What Happens When Spies Can Eavesdrop on Any
Conversation?
By Patrick Tucker //
December 1, 2014
Imagine having access to the all of the world’s recorded
conversations, videos that people have posted to YouTube, in addition to
chatter collected by random microphones in public places. Then picture the
possibility of searching that dataset for clues related to terms that you are
interested in the same way you search Google. You could look up, for example,
who was having a conversation right now about plastic explosives, about a
particular flight departing from Islamabad, about Islamic State leader Abu Bakr
al-Baghdadi in reference to a particular area of Northern Iraq.

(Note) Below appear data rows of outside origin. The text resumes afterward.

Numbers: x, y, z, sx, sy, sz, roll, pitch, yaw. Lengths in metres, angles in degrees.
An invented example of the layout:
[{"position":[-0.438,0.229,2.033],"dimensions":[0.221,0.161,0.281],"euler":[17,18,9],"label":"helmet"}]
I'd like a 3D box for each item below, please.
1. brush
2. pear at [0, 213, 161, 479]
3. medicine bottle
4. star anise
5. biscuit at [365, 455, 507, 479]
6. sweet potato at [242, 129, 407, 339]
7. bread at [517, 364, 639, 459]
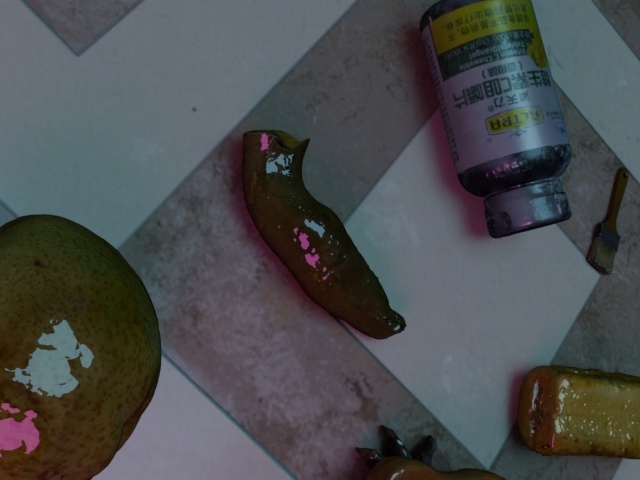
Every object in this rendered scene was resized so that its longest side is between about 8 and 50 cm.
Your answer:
[{"position":[0.409,-0.032,1.234],"dimensions":[0.043,0.014,0.170],"euler":[32,65,-22],"label":"brush"},{"position":[-0.234,0.099,0.740],"dimensions":[0.211,0.188,0.228],"euler":[47,59,-9],"label":"pear"},{"position":[0.222,-0.154,1.081],"dimensions":[0.141,0.141,0.293],"euler":[-11,86,-31],"label":"medicine bottle"},{"position":[0.090,0.269,0.972],"dimensions":[0.141,0.042,0.141],"euler":[8,74,-28],"label":"star anise"},{"position":[0.114,0.422,0.924],"dimensions":[0.385,0.062,0.365],"euler":[44,72,-19],"label":"biscuit"},{"position":[0.004,-0.001,0.957],"dimensions":[0.285,0.085,0.112],"euler":[52,56,-11],"label":"sweet potato"},{"position":[0.341,0.216,1.101],"dimensions":[0.211,0.083,0.113],"euler":[12,79,-27],"label":"bread"}]
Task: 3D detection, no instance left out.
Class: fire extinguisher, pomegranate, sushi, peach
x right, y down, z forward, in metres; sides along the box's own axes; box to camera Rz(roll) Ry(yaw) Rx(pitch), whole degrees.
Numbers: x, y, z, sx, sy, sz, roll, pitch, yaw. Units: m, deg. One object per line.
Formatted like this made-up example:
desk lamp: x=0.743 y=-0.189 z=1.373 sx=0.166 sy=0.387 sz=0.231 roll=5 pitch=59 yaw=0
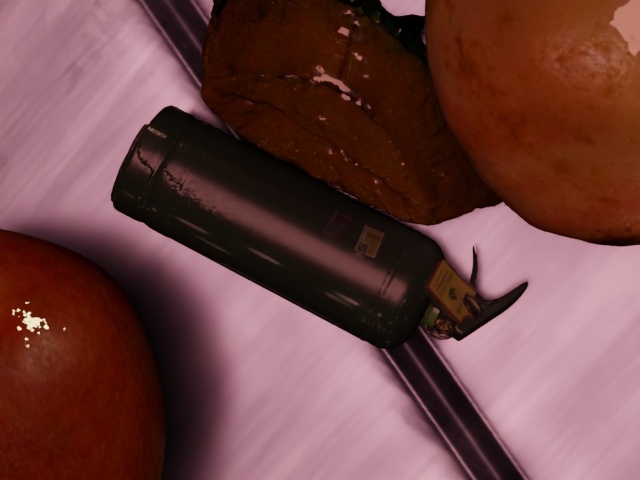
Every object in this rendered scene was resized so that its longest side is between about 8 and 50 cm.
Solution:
fire extinguisher: x=0.000 y=0.000 z=1.422 sx=0.311 sy=0.095 sz=0.114 roll=29 pitch=65 yaw=7
pomegranate: x=0.235 y=-0.159 z=1.269 sx=0.343 sy=0.342 sz=0.342 roll=0 pitch=92 yaw=7
sushi: x=0.031 y=-0.122 z=1.397 sx=0.287 sy=0.140 sz=0.149 roll=26 pitch=134 yaw=6
peach: x=-0.255 y=0.155 z=1.351 sx=0.308 sy=0.308 sz=0.332 roll=-9 pitch=60 yaw=8
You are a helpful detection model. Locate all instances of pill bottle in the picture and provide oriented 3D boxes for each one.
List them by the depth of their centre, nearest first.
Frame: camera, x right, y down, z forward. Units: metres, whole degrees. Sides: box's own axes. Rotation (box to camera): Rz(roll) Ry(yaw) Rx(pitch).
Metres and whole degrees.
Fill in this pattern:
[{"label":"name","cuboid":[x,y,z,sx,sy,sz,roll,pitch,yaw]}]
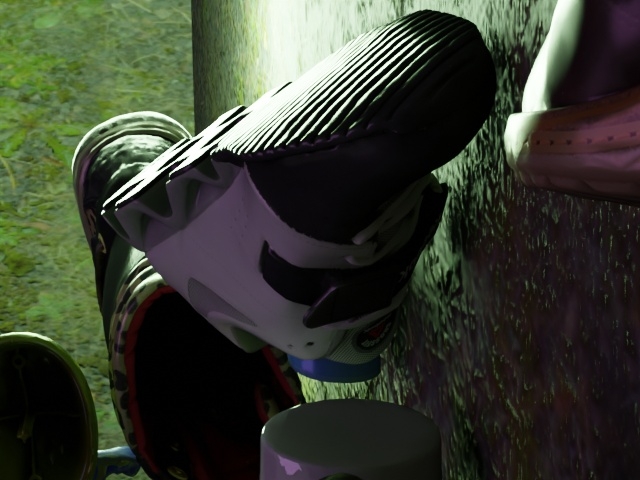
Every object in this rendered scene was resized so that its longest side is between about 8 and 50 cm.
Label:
[{"label":"pill bottle","cuboid":[0.014,0.190,0.876,0.117,0.118,0.208,-116,24,-72]}]

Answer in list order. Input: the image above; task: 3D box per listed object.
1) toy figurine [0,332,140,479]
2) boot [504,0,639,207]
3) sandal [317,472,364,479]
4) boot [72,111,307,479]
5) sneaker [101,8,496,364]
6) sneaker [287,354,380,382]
[{"label":"toy figurine","cuboid":[-0.199,0.224,1.252,0.217,0.191,0.362,-55,-45,-76]},{"label":"boot","cuboid":[0.106,-0.107,0.341,0.248,0.090,0.207,154,126,-83]},{"label":"sandal","cuboid":[0.080,0.158,0.512,0.120,0.086,0.303,50,176,-33]},{"label":"boot","cuboid":[-0.076,0.116,1.296,0.284,0.138,0.377,-118,12,-65]},{"label":"sneaker","cuboid":[0.013,-0.012,0.894,0.146,0.122,0.330,54,155,-8]},{"label":"sneaker","cuboid":[0.000,0.000,1.116,0.232,0.081,0.090,-120,33,-63]}]
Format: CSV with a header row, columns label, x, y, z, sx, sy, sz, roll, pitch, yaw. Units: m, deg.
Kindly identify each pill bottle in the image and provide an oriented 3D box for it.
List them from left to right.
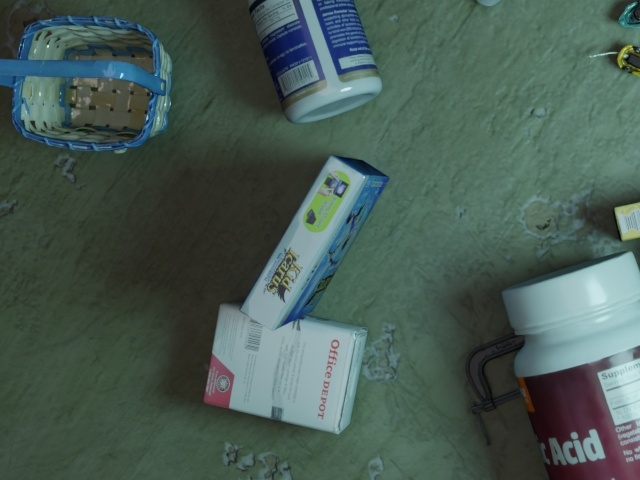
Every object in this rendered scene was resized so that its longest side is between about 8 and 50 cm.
label,x,y,z,sx,sy,sz,roll,pitch,yaw
pill bottle,-0.019,-0.319,1.717,0.153,0.153,0.265,-19,87,12
pill bottle,0.397,0.227,1.594,0.224,0.224,0.392,-19,87,12

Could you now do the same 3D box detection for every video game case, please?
label,x,y,z,sx,sy,sz,roll,pitch,yaw
video game case,0.000,0.000,1.658,0.061,0.269,0.244,32,98,8

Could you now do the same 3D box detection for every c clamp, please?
label,x,y,z,sx,sy,sz,roll,pitch,yaw
c clamp,0.287,0.209,1.726,0.160,0.022,0.137,-29,79,13

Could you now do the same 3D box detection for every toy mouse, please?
label,x,y,z,sx,sy,sz,roll,pitch,yaw
toy mouse,0.485,-0.300,1.666,0.161,0.031,0.143,23,96,11

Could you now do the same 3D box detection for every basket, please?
label,x,y,z,sx,sy,sz,roll,pitch,yaw
basket,-0.346,-0.233,1.722,0.254,0.289,0.201,5,87,16

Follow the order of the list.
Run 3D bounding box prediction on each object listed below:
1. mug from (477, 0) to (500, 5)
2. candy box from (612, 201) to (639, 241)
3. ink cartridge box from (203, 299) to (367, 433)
label,x,y,z,sx,sy,sz,roll,pitch,yaw
mug,0.258,-0.376,1.699,0.078,0.064,0.062,-21,80,-16
candy box,0.507,-0.042,1.625,0.186,0.109,0.053,-14,86,13
ink cartridge box,-0.051,0.189,1.764,0.217,0.092,0.159,11,93,14
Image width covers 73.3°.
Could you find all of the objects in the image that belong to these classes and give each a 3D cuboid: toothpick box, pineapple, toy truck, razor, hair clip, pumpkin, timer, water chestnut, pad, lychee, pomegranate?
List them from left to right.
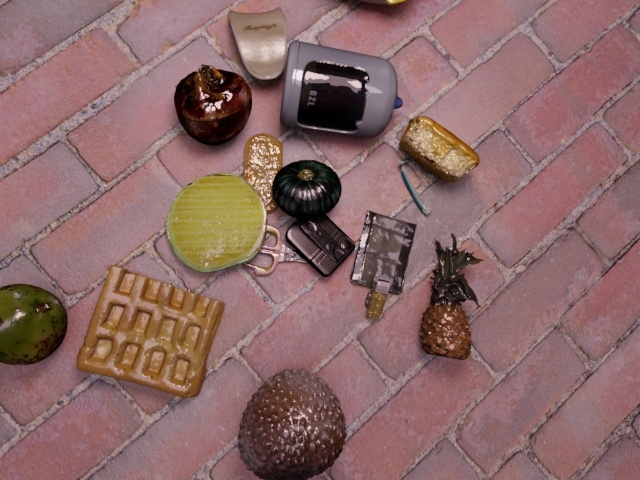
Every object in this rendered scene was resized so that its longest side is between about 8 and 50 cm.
[{"bbox_3d":[-0.787,0.233,1.111,0.248,0.214,0.214,-39,91,24],"label":"pomegranate"},{"bbox_3d":[-0.299,-0.392,1.199,0.223,0.238,0.224,-4,53,5],"label":"water chestnut"},{"bbox_3d":[-0.179,-0.594,1.289,0.172,0.113,0.282,-7,85,-8],"label":"hair clip"},{"bbox_3d":[-0.081,0.487,1.125,0.299,0.300,0.300,1,85,-7],"label":"lychee"},{"bbox_3d":[-0.040,-0.150,1.237,0.201,0.140,0.202,-2,49,3],"label":"pumpkin"},{"bbox_3d":[0.000,0.000,1.277,0.187,0.055,0.144,44,70,-1],"label":"timer"},{"bbox_3d":[0.069,-0.433,1.257,0.354,0.263,0.263,7,84,-7],"label":"toothpick box"},{"bbox_3d":[0.171,0.168,1.278,0.052,0.063,0.123,13,111,-6],"label":"toy truck"},{"bbox_3d":[0.198,0.039,1.328,0.174,0.022,0.233,16,83,-6],"label":"pad"},{"bbox_3d":[0.294,-0.167,1.352,0.068,0.037,0.191,-27,94,-50],"label":"razor"},{"bbox_3d":[0.385,0.163,1.273,0.165,0.165,0.365,10,83,-6],"label":"pineapple"}]

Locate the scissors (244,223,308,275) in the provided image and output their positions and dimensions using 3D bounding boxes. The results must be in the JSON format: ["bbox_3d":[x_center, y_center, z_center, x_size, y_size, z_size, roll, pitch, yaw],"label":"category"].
[{"bbox_3d":[-0.107,0.039,1.286,0.317,0.024,0.160,11,83,-7],"label":"scissors"}]

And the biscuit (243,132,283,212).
[{"bbox_3d":[-0.173,-0.203,1.297,0.118,0.029,0.247,2,85,-8],"label":"biscuit"}]

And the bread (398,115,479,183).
[{"bbox_3d":[0.357,-0.274,1.306,0.245,0.174,0.121,33,102,-2],"label":"bread"}]

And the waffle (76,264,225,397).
[{"bbox_3d":[-0.467,0.259,1.195,0.348,0.077,0.304,18,84,-5],"label":"waffle"}]

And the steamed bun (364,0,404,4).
[{"bbox_3d":[0.160,-0.879,1.261,0.373,0.334,0.334,17,83,-6],"label":"steamed bun"}]

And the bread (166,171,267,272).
[{"bbox_3d":[-0.300,-0.054,1.248,0.301,0.045,0.302,0,83,0],"label":"bread"}]
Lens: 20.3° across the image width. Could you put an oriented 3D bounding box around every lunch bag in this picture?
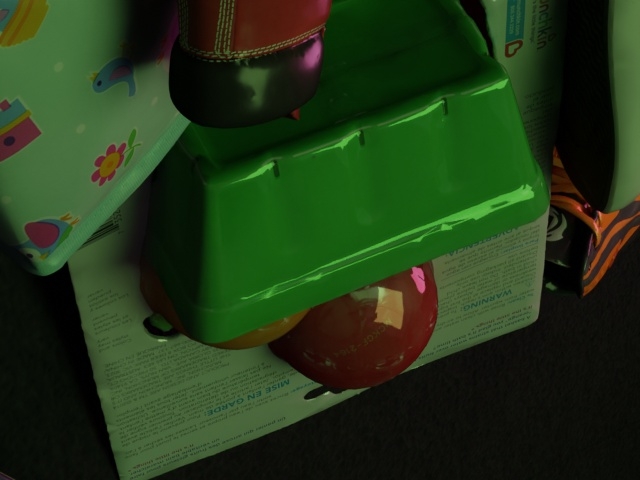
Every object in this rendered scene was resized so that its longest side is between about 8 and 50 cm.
[{"bbox_3d":[-0.120,-0.158,0.842,0.262,0.160,0.223,-48,147,-23],"label":"lunch bag"}]

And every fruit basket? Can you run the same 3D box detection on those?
[{"bbox_3d":[0.000,0.000,1.125,0.327,0.165,0.353,-21,150,-13],"label":"fruit basket"}]

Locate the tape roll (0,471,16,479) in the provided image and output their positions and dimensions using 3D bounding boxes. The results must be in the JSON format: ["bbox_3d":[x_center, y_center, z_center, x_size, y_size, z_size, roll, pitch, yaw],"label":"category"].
[{"bbox_3d":[-0.138,0.185,0.925,0.090,0.274,0.275,-62,152,-12],"label":"tape roll"}]

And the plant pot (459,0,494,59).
[{"bbox_3d":[0.162,-0.243,1.195,0.236,0.267,0.267,-44,147,-9],"label":"plant pot"}]

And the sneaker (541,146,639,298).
[{"bbox_3d":[0.224,-0.067,1.464,0.180,0.124,0.321,-52,149,-31],"label":"sneaker"}]

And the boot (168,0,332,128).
[{"bbox_3d":[-0.001,-0.158,0.827,0.244,0.088,0.176,-49,148,-46],"label":"boot"}]

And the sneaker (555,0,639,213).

On Nov. 17, the U.S. announced a new challenge called
Automatic Speech recognition in Reverberant Environments, giving it the acronym
ASpIRE. The challenge comes from the Office of the Director of National
Intelligence, or ODNI, and the Intelligence Advanced Research Projects Agency,
or IARPA. It speaks to a major opportunity for intelligence collection in the
years ahead, teaching machines to scan the ever-expanding world of recorded
speech. To do that, researchers will need to take a decades’ old technology, computerized
speech recognition, and re-invent it from scratch.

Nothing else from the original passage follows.